In many Asian cultures, rinsing rice is just a fact of life. Skip this step and you’ve made a huge blunder. Part of this is a holdover tradition because rice wasn’t always as clean as it is today. In the past, rice may have been stored in a burlap sack or even in a barn. Rinsing it clean was necessary because the rice was exposed to dust, debris, and insects.

Also consider that Asian cultures have been consuming rice for centuries, and the cooking process has been perfected over time. In Japanese cooking, for example, it’s normal to rinse the rice several times until the water runs clear to achieve the very best texture.

Are There Any Exceptions?

Yes, there are some exceptions to the rice rinsing rule. You shouldn’t rinse rice if you are making risotto, paella, or rice and beans. In these instances, the free starch present on the rice contributes to the creamy texture of these dishes. The same goes for dishes like gumbo or jambalaya.

You also don’t need to wash brown rice because the bran and hull have not been milled away. There is no free starch present on types of rice that still contains the bran. Or, if you simply like the texture of extremely sticky rice, don’t rinse!

How to Rinse Rice

Rinsing rice is very simple, but there is a technique that will make your life easier. Watch our video to see two methods in action:

Sieve Rinsing Method

How to Rinse Rice

A sieve is a useful kitchen tool to keep on hand, so if you don’t have one of these already, it’s time to make the small investment. Make sure to use a sieve, not a colander. Rice grains will slip right through the large holes of a colander.

  1. Add the desired quantity of uncooked rice to a fine-mesh strainer or sieve.
  2. Hold strainer beneath a running faucet using cold water.
  3. Rinse for 30 seconds to 1 minute, or until water runs clear.
  4. Shake rice gently to drain any remaining water, then add to rice cooker.

Bowl Rinsing Method

This method takes longer but removes more starch from the rice. You'll need a large mixing bowl and a fine-mesh strainer.

  1. Add desired quantity of rice to large bowl and cover with cold water.
  2. Swirl rice with your hand until water becomes cloudy.
  3. Carefully pour out water and refill with clean water.
  4. Swirl rice a second time and use a fine-mesh strainer to drain all water from rice.
  5. If desired, repeat until water is clear.

Rice Rinsing FAQ

FAQ, rice on a spoon

We answer some common questions about rinsing rice below:

Do You Need to Rinse Until the Water is Clear?

Rinsing white rice until the water runs clear ensures that all free starch is removed. It’s not 100% necessary in all applications, but it does help improve the texture. We recommend rinsing until the water is clear if you serve many rice dishes on your menu or if you find that your rice is too gummy.

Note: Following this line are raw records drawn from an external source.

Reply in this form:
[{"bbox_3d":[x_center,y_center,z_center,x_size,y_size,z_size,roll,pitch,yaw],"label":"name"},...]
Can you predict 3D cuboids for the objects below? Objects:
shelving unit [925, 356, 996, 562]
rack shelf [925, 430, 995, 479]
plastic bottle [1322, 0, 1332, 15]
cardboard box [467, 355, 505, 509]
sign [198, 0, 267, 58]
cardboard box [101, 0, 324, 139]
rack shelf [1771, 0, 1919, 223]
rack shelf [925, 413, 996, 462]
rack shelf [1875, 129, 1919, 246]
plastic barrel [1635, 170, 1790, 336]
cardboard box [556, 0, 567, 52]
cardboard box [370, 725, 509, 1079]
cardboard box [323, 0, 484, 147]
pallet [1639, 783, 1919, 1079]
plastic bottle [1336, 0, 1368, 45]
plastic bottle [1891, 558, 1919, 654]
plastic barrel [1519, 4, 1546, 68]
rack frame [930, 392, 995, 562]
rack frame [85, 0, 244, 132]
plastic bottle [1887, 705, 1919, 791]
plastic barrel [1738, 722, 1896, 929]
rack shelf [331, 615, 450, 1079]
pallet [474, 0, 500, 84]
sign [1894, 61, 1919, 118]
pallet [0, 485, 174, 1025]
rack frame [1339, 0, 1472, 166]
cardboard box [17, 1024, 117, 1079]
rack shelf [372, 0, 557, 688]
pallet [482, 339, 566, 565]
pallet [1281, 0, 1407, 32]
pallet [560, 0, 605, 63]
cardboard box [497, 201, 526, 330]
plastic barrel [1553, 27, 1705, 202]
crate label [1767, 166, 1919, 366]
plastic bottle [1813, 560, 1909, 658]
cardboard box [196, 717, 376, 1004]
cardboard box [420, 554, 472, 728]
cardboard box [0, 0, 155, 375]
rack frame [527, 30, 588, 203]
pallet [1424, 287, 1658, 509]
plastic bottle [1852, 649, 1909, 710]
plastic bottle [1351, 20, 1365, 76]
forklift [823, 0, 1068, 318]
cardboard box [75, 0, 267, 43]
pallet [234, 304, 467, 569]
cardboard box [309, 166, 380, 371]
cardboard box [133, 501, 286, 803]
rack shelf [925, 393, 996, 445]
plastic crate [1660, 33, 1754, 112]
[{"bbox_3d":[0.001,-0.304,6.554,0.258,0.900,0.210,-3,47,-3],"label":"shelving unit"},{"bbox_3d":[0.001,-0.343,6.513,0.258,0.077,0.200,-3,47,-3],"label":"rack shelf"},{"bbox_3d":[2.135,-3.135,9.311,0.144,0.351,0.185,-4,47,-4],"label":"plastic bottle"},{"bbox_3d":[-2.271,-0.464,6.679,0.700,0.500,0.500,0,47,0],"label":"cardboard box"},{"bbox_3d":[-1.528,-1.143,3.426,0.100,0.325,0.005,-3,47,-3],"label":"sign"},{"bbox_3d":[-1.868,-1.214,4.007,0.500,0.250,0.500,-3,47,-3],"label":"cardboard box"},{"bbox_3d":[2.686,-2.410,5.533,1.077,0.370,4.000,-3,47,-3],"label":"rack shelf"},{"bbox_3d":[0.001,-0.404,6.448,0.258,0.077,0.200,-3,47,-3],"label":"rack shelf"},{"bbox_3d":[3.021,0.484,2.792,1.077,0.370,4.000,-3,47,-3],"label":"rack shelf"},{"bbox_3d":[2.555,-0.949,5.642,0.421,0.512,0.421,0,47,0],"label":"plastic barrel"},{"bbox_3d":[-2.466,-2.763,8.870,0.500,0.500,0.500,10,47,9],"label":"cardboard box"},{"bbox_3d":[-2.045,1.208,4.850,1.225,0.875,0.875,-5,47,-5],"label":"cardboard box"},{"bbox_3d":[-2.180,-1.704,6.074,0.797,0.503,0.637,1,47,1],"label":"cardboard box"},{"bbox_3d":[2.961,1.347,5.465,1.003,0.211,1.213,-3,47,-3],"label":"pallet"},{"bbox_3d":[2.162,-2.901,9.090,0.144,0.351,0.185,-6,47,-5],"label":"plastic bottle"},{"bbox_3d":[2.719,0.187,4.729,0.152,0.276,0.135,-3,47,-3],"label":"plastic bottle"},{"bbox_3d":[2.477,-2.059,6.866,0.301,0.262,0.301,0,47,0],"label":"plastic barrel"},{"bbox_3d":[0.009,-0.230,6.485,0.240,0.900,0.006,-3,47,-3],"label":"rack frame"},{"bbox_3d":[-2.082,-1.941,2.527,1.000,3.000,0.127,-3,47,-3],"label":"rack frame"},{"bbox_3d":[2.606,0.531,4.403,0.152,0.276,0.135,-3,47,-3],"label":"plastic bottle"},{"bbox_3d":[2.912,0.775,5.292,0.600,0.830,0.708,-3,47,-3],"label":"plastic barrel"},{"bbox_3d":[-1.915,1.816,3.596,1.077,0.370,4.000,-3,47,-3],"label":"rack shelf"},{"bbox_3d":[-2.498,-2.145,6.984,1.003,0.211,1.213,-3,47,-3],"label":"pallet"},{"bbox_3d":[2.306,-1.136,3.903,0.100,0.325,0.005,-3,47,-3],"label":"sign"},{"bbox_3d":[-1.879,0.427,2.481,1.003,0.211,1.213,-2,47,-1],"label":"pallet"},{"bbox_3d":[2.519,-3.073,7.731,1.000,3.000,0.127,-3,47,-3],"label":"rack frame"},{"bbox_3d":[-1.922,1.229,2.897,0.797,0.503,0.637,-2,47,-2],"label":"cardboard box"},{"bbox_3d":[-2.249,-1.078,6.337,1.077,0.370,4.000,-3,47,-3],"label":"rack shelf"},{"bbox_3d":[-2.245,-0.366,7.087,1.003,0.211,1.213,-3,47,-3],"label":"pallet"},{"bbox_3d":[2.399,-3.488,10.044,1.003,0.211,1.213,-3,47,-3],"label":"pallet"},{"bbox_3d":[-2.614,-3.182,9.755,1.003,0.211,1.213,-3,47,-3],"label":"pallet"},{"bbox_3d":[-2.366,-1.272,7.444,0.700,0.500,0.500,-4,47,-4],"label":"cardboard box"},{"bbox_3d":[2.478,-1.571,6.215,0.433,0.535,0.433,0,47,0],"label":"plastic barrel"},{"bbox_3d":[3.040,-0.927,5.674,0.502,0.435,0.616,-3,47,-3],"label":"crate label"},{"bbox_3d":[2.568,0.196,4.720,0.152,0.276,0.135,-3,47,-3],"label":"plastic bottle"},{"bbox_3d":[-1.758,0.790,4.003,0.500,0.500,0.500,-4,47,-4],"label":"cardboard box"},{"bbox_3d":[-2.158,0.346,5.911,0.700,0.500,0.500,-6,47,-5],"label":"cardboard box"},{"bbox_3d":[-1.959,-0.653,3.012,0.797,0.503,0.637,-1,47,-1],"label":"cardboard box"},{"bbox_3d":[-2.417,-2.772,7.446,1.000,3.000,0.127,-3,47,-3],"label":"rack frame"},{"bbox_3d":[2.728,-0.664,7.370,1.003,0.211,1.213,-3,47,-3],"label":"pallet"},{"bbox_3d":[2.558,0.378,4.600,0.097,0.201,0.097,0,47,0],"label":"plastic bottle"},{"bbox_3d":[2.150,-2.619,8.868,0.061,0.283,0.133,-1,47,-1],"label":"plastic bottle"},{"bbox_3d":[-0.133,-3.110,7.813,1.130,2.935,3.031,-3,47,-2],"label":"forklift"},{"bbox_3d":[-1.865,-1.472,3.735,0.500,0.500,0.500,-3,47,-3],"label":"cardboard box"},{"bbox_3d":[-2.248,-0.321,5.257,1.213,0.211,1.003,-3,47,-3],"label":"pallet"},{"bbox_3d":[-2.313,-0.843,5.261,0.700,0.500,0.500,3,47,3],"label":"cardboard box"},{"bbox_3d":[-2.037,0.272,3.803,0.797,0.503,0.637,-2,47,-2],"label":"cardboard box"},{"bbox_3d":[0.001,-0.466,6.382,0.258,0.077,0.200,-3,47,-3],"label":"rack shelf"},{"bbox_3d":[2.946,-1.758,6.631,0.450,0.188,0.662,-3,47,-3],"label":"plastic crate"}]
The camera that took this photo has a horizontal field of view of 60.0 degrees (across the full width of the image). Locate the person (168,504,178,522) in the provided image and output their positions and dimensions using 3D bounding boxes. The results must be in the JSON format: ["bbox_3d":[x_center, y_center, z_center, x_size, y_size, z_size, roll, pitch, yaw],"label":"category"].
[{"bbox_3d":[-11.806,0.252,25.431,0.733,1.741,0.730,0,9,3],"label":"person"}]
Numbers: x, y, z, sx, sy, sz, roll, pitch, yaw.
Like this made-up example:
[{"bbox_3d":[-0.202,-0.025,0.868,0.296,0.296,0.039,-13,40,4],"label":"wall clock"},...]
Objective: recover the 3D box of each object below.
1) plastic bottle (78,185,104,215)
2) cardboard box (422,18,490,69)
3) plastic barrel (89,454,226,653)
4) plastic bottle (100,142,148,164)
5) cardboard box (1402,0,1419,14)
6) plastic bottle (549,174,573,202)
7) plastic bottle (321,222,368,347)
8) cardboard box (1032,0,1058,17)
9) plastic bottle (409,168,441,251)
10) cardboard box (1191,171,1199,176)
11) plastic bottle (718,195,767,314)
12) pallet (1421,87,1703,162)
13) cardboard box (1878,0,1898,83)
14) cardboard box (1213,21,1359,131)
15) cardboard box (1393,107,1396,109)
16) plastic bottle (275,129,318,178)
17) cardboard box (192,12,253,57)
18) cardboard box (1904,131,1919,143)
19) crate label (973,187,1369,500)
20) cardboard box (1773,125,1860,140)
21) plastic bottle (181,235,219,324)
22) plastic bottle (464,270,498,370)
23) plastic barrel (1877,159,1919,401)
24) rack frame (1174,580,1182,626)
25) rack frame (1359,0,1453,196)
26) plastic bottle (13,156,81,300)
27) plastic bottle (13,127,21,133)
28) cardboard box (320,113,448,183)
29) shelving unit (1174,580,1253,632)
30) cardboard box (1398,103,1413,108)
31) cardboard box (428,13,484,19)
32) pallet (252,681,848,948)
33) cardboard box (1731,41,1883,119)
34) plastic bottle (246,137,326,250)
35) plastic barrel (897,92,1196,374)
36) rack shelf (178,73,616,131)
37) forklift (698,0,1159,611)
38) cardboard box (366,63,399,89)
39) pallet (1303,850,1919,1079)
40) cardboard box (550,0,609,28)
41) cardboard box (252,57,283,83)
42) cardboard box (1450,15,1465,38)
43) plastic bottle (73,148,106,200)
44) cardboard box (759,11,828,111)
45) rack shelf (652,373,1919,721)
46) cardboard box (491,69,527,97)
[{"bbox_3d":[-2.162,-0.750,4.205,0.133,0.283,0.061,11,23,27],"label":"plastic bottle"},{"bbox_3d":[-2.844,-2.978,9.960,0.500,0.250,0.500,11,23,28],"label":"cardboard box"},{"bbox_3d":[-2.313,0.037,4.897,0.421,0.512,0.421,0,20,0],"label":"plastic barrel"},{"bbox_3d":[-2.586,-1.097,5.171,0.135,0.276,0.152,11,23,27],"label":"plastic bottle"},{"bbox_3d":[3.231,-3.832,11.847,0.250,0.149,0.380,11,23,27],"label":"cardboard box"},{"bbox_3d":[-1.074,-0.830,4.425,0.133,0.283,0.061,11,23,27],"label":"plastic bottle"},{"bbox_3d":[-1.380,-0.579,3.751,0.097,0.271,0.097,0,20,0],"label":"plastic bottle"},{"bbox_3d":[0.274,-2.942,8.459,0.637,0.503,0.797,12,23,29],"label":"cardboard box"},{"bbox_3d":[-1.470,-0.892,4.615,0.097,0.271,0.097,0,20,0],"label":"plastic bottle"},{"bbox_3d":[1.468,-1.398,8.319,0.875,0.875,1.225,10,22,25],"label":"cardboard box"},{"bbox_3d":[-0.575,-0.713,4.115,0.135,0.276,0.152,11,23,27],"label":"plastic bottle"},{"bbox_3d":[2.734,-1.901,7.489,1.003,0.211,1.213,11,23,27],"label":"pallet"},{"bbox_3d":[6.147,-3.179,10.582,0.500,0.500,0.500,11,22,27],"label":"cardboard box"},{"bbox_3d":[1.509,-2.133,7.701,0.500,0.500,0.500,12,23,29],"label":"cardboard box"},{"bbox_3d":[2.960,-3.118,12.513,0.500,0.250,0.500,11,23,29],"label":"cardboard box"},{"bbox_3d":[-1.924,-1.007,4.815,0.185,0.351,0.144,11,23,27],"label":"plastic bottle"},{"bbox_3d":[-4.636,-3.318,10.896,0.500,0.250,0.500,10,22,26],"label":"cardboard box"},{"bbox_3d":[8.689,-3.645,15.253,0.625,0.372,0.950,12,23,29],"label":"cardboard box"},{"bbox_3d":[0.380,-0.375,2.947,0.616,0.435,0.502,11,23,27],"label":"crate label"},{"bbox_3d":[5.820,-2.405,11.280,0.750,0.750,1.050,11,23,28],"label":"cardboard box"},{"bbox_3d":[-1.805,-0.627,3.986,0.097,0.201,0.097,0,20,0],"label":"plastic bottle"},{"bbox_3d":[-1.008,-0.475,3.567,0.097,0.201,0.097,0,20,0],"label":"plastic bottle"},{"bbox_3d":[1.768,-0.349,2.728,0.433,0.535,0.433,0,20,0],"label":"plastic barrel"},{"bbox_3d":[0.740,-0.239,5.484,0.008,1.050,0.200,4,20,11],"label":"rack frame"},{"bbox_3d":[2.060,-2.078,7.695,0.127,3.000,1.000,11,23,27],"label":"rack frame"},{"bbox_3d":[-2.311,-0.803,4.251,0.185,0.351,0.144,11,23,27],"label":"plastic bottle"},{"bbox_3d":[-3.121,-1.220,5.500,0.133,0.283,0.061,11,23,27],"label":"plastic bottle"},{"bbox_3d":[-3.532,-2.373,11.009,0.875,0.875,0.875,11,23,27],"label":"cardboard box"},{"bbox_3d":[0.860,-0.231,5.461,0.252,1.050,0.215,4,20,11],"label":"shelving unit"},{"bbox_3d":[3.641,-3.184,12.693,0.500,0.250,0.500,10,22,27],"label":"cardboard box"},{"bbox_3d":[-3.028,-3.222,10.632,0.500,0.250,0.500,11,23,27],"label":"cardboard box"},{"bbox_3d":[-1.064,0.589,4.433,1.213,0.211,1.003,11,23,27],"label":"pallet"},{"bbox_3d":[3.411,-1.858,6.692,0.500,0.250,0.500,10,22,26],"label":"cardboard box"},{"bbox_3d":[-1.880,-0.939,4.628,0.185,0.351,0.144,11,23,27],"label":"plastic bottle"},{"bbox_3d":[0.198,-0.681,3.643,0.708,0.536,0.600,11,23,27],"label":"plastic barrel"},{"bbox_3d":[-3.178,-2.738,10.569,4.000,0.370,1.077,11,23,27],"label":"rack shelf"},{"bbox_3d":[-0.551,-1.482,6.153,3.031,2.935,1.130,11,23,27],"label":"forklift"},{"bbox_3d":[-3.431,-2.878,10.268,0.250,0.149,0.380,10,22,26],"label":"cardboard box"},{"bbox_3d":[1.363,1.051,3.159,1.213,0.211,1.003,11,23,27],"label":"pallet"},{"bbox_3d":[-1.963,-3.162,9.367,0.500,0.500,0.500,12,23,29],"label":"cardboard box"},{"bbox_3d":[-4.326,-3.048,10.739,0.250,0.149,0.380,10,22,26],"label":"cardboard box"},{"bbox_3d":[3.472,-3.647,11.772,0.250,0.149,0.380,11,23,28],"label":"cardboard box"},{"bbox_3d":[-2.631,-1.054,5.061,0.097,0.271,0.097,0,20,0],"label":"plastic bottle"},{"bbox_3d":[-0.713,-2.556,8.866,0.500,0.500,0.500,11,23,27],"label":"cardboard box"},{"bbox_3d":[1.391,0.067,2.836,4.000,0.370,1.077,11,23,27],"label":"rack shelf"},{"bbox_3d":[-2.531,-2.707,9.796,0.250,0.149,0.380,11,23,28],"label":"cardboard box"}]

Do You Need to Rinse Brown Rice?

No, brown rice is processed differently than white rice and does not require a rinse. It still contains the protective bran covering, and no free starches or lipids will be present on the surface.

Should You Rinse Rice for Risotto?

No, you shouldn’t rinse rice before making risotto. The starches present will actually improve the texture of your dish.

Can You Rinse Sticky Sushi Rice?

Yes, it’s okay to rinse sticky rice and it’s often recommended by chefs. The rinsing process will not ruin the sticky texture that's need to create sushi rolls.

White rice may seem like a plain dish, but when it doesn’t have the right texture, a rice lover will know! If you serve large quantities of rice at your restaurant, it could be beneficial to try out some rinsing methods. Find out what works for you and incorporate it into your daily prep.